I bumped into a friend I hadn’t seen in awhile and was surprised to discover that she was 8 months pregnant! I only had a few minutes to give her some advice on how to prep for delivery and to prevent her own injuries as best she could. I came up with three things I thought were critical to get her ready and optimize her post-partum outcome. So I am passing my ‘sidewalk-session’ suggestions on to help you prepare for delivery, too!
First, I recommended the blog on my site- How DO you push the baby out? Written as a guest blog by a colleague it is great info on how to push to avoid mama injuries. Let’s avoid getting into trouble in the first place!! Hint: Learn how to shoot for the hoop, in other words practice where and how you are applying forces south.
Next, I recommended my online course for women: Pelvic Floor Piston: Foundation for Fitness. Not trying to sound like a salesman, but it is the more complete version of all the advice I didn’t have time to provide in our brief interaction. It is a step-by-step guide to connecting the components of system directly impacted by pregnancy, and learning to re-balance the muscles and pressures that comprise our stability system (watch a clip explaining this here). Practicing coordinating these components and building habits now before she delivers will help make those strategies accessible out of the gate immediately post-partum. A key component is to learn to “blow before you go” (exhale BEFORE exertion, read more about that here). This helps to trigger the system automatically and blow off any pressure that could push against stitches from either a C-section or Vaginal delivery. This is critical to promote tissue healing in those first few weeks. This also prevents any added pressures on diastasis, urethral sphincters and bladders, and pelvic organs.
Finally, I suggested she have a discussion with her provider regarding avoiding forceps delivery. Research indicates that there is a significant increase in birth injury risk to the mama with a forceps delivery. The most serious injury due to forceps is an avulsion. This is when the #pelvicfloor tears away from the pelvic bones. Approximately 50% women with forceps delivery experienced a pelvic floor avulsion, a similar percentage had an anal sphincter laceration. This can and often does set mamas up for a pelvic organ prolapse or incontinence issues.
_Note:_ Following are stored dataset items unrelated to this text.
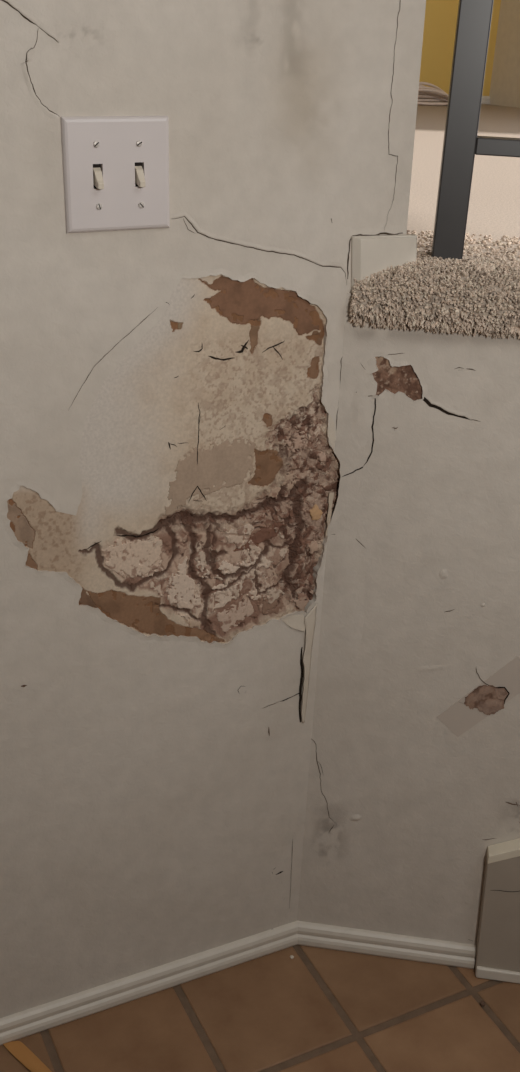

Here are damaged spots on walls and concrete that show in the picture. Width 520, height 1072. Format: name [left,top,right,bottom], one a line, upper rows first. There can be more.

crack [2,0,62,121]
crack [171,0,401,285]
flaking render [1,268,480,723]
peeling [460,669,510,715]
crack [313,740,334,832]
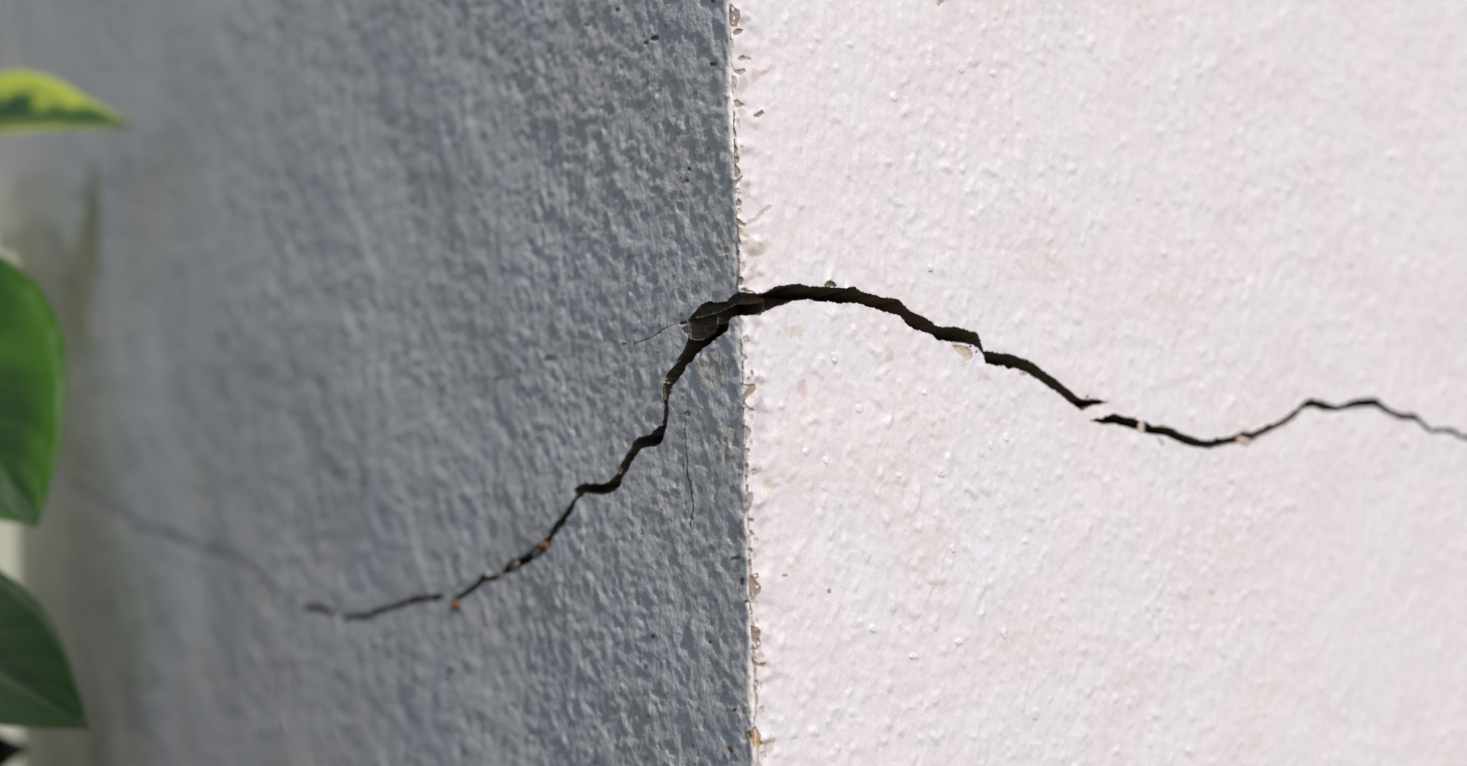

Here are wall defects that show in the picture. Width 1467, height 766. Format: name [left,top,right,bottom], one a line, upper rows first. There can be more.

crack [286,283,1467,621]
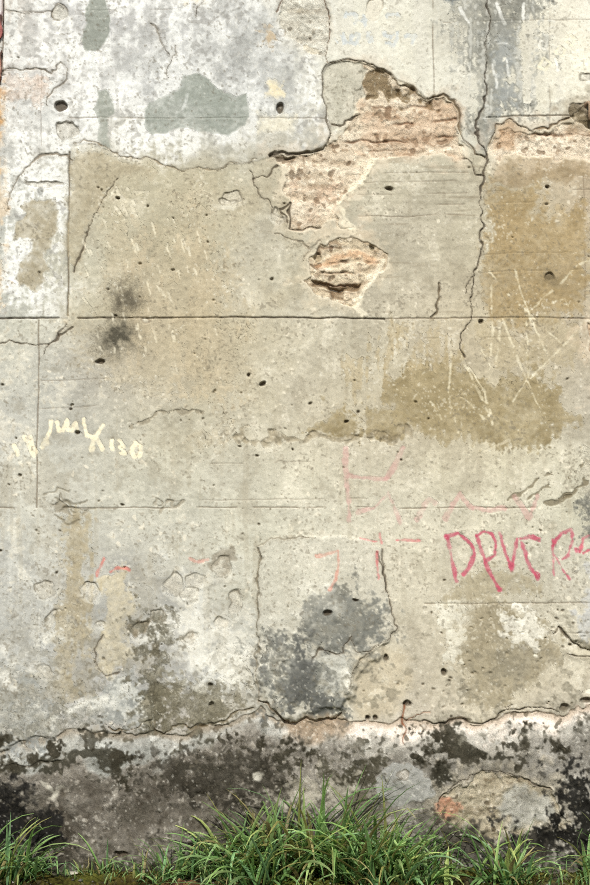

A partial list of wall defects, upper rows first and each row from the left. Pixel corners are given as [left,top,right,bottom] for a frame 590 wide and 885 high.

rust [0,72,53,226]
crack [0,0,588,359]
spalling [277,0,465,307]
water stain [440,0,558,153]
spalling [488,103,590,164]
water stain [301,155,590,454]
water stain [573,445,590,539]
water stain [0,505,391,872]
crack [401,704,556,743]
crack [553,627,590,658]
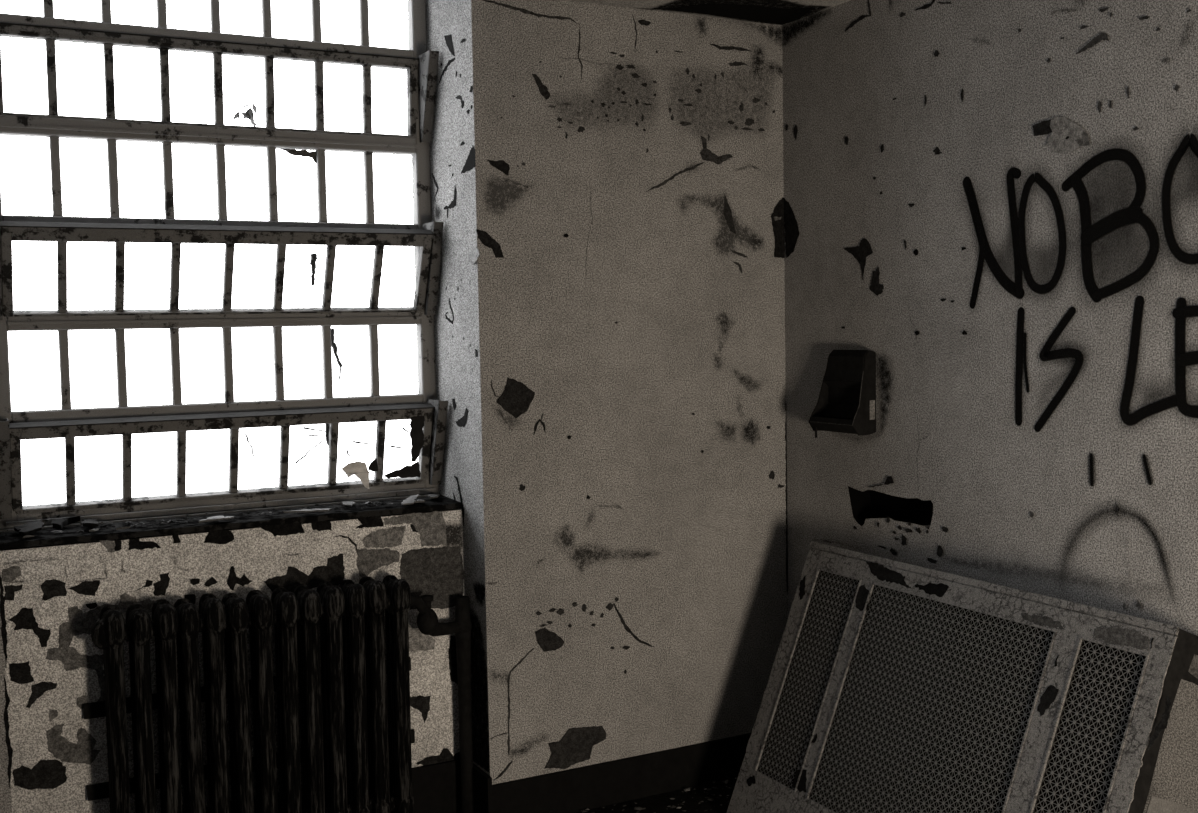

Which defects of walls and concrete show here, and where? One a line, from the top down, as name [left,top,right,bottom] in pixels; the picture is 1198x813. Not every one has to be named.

crack [646,136,758,192]
spalling [771,197,800,258]
peeling [843,238,884,296]
peeling [491,377,535,426]
peeling [89,526,181,553]
peeling [184,494,447,604]
spalling [848,476,949,611]
peeling [2,565,170,709]
peeling [408,626,458,684]
peeling [410,695,430,723]
peeling [12,709,100,790]
peeling [544,726,606,769]
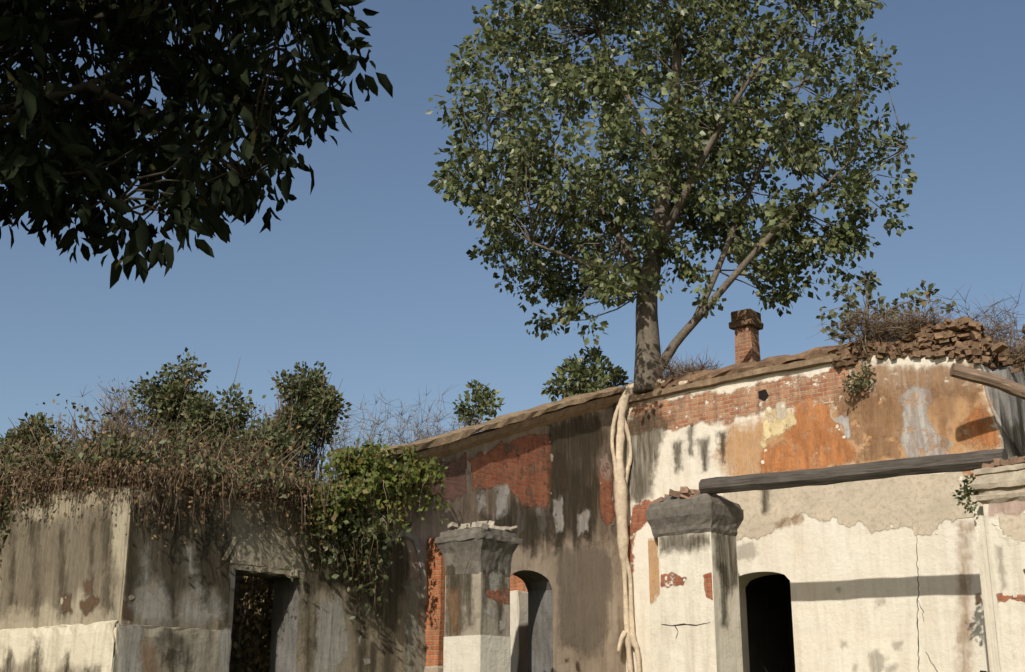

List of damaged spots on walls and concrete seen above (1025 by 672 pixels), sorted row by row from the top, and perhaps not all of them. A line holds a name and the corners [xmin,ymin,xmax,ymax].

spalling [627,366,855,473]
flaking render [900,387,951,458]
damp [0,498,230,672]
spalling [448,434,567,532]
damp [417,415,611,655]
spalling [577,453,616,536]
spalling [627,486,701,577]
spalling [648,539,687,603]
crack [661,622,710,637]
spalling [703,573,713,600]
flaking render [723,470,1025,545]
crack [916,536,938,672]
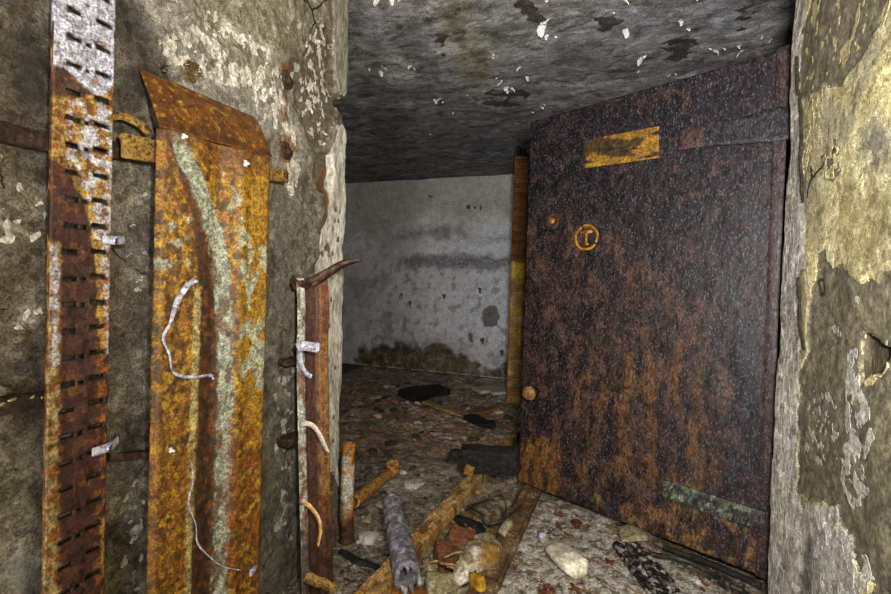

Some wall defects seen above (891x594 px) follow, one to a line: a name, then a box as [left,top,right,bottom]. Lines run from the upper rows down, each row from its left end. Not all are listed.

crack [303,0,327,33]
peeling [513,0,558,41]
peeling [593,12,629,39]
peeling [433,33,449,56]
peeling [482,67,531,107]
spalling [768,0,891,594]
water stain [354,342,507,378]
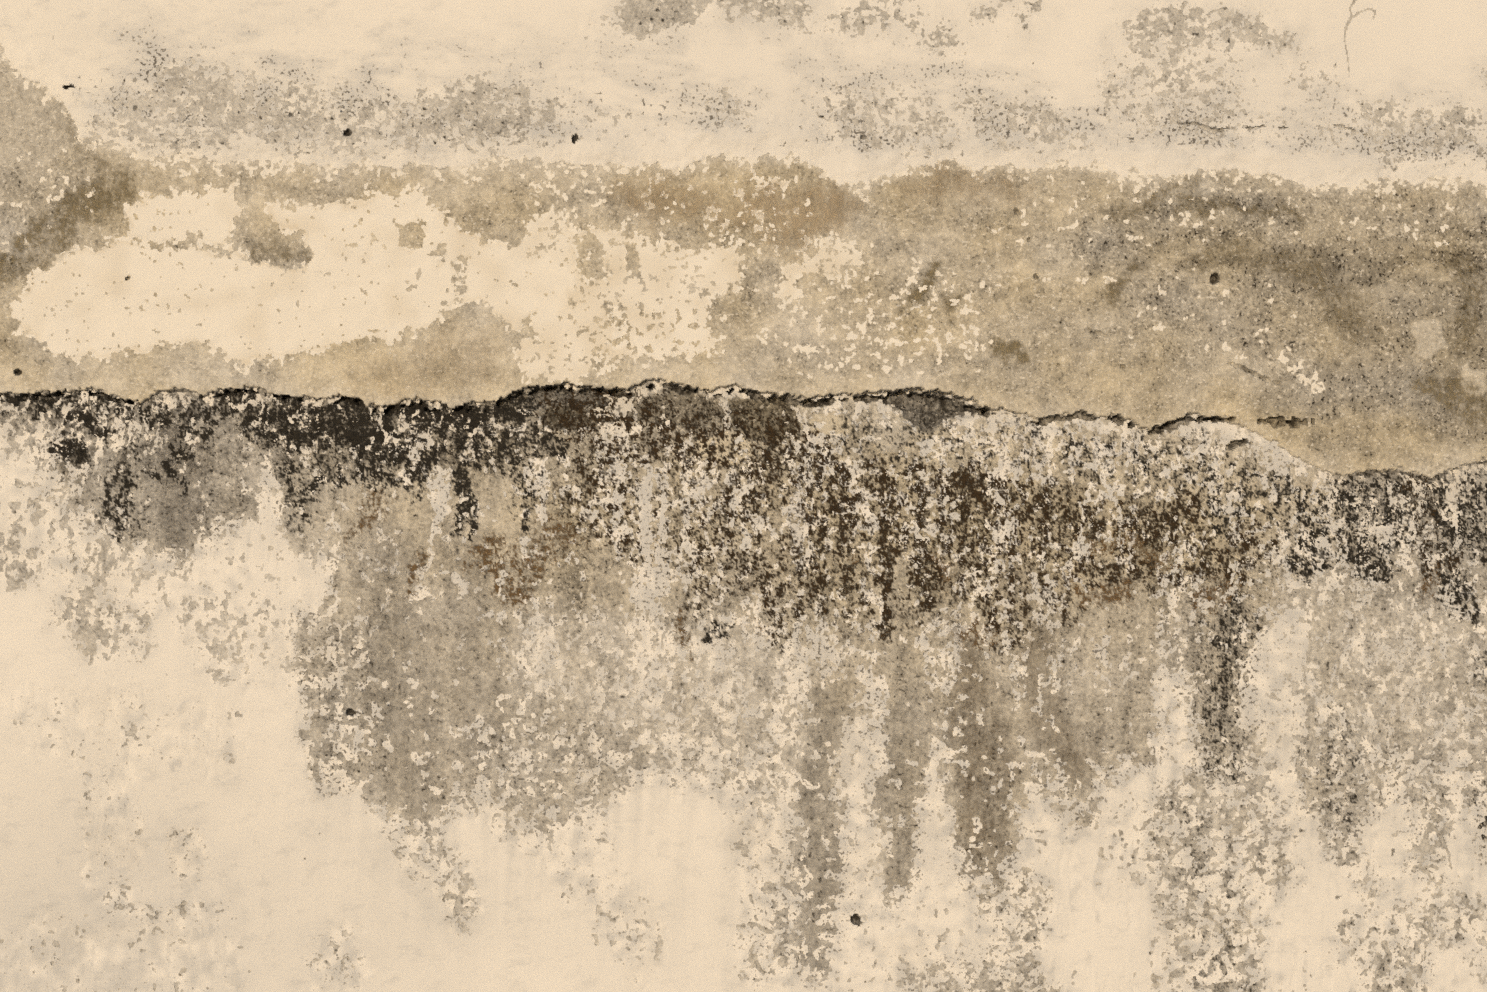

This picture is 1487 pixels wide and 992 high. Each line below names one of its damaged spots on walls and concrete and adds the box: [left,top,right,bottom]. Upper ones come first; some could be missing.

peeling [0,50,632,213]
damp [739,184,844,240]
peeling [793,81,1117,285]
crack [18,382,996,418]
peeling [756,229,993,378]
crack [1084,327,1109,338]
crack [1030,362,1315,450]
peeling [1137,268,1247,360]
peeling [1277,346,1325,394]
crack [1347,461,1487,484]
damp [0,385,1487,784]
damp [1322,705,1358,830]
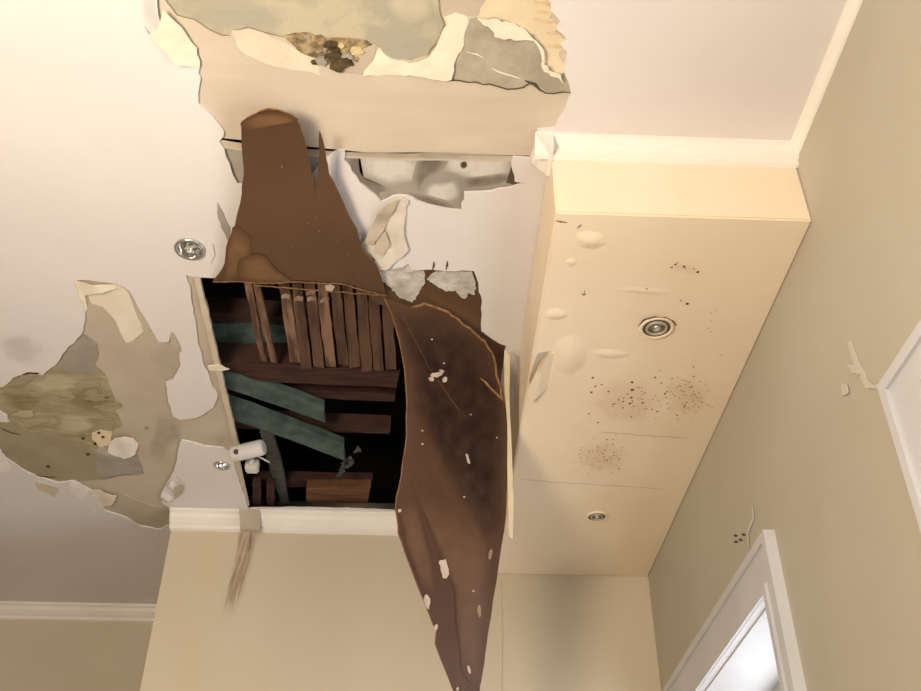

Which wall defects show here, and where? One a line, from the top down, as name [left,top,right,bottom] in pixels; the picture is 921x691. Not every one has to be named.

peeling [150,0,571,183]
flaking render [0,275,240,528]
water stain [586,366,713,428]
flaking render [234,461,249,506]
water stain [571,438,630,475]
water stain [192,508,261,620]
peeling [439,559,449,579]
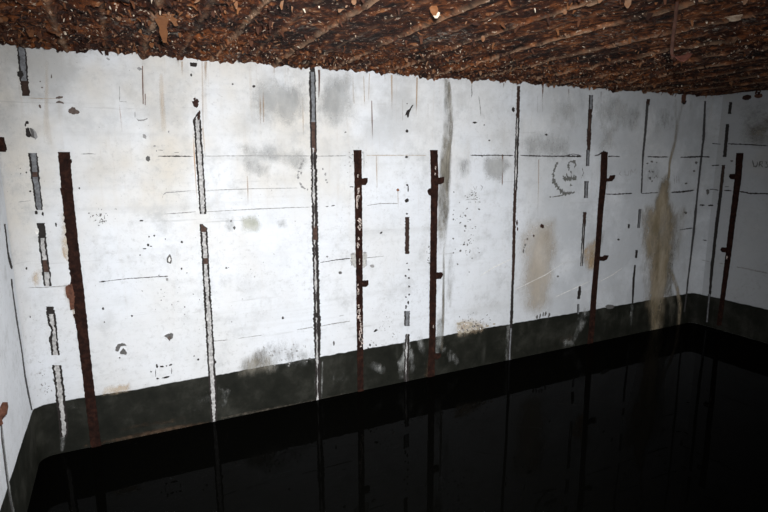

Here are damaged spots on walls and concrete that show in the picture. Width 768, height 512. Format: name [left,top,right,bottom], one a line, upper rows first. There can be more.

rust [155,14,178,43]
rust [58,152,101,448]
rust [353,150,369,392]
damp [0,142,768,512]
rust [427,150,444,377]
damp [439,84,453,230]
rust [585,152,615,344]
rust [717,153,744,326]
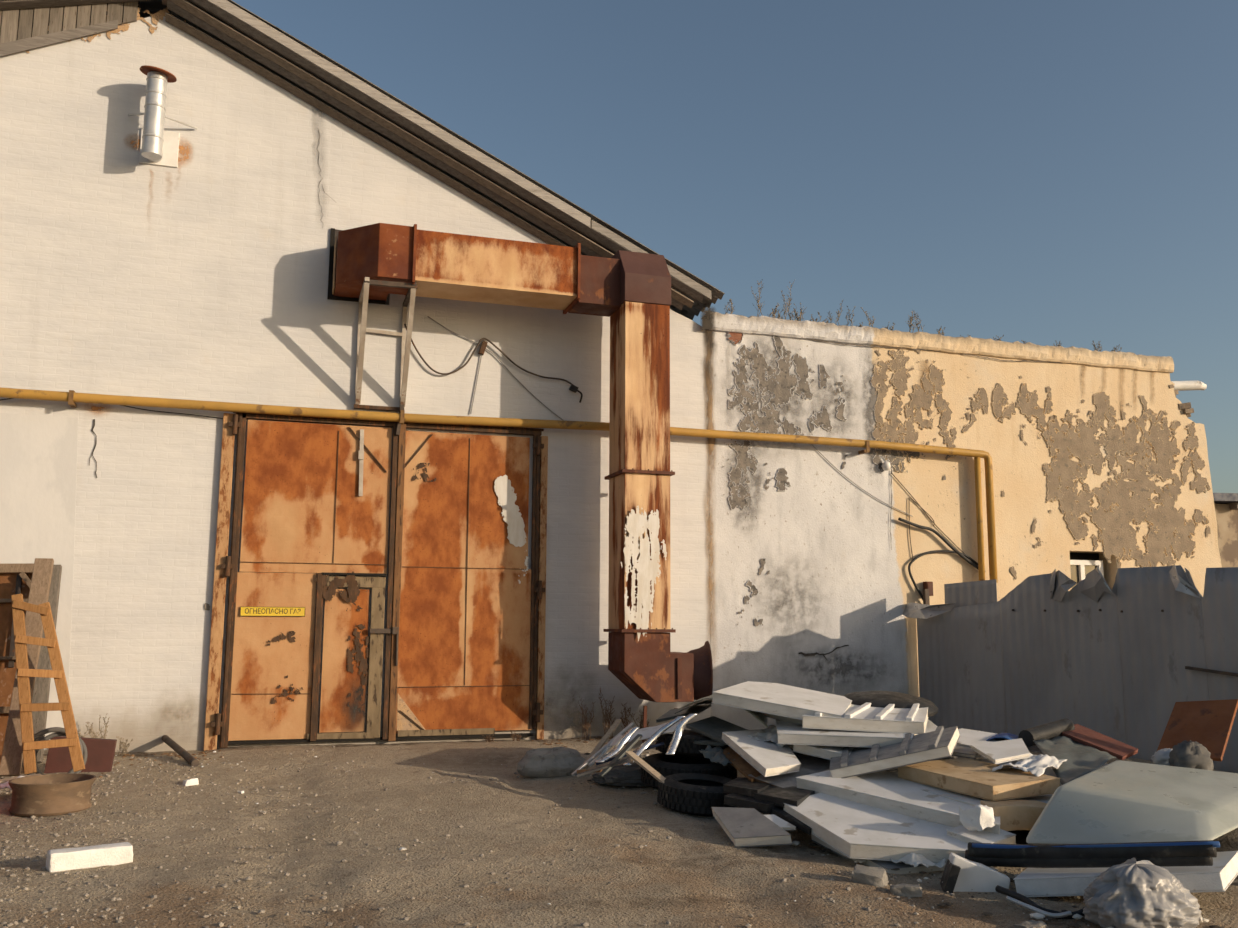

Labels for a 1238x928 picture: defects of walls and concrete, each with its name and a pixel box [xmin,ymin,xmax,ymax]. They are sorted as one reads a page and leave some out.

I am not trying to scare anyone, but this particular cause of prolapse and incontinence is avoidable. Some hospitals are actually doing away with this as a practice. You can choose instead to have a C-section if your labor is not progressing before things get to the point that the doctor may have to choose forceps delivery (vacuum deliveries, do not seem to statistically have a much greater risk). Think about it ahead of time for yourself so in the heat of the moment you and your team are clear on what you want to do. I know some mama’s are very committed to vaginal delivery, but I want then to be informed of their options and the risks associated with their choices. Informed choices and #educatedhope!! PS In an emergent situation you may not get a choice, but a convo prior may help with preventing things going too far before things become emergent.
Edit Jan 29, 2018: New information has come to light that I want to add to this post (published Jan 23, 2018). Please read the results of a long term study on the long term risks and benefits of C-Section. The link goes to a summary in the New York Times, but has a link to the actual study. I am posting this again, so that you can be completely informed of the choices you are making, particularly as it relates to the magnitude of the risks (the NYT article highlights this in the last paragraph). Please read and as with all advice, please have discussions with your provider as to your risks and the benefits of your options.
I was so glad we connected before she delivered, and in enough time for her to start practicing and preparing!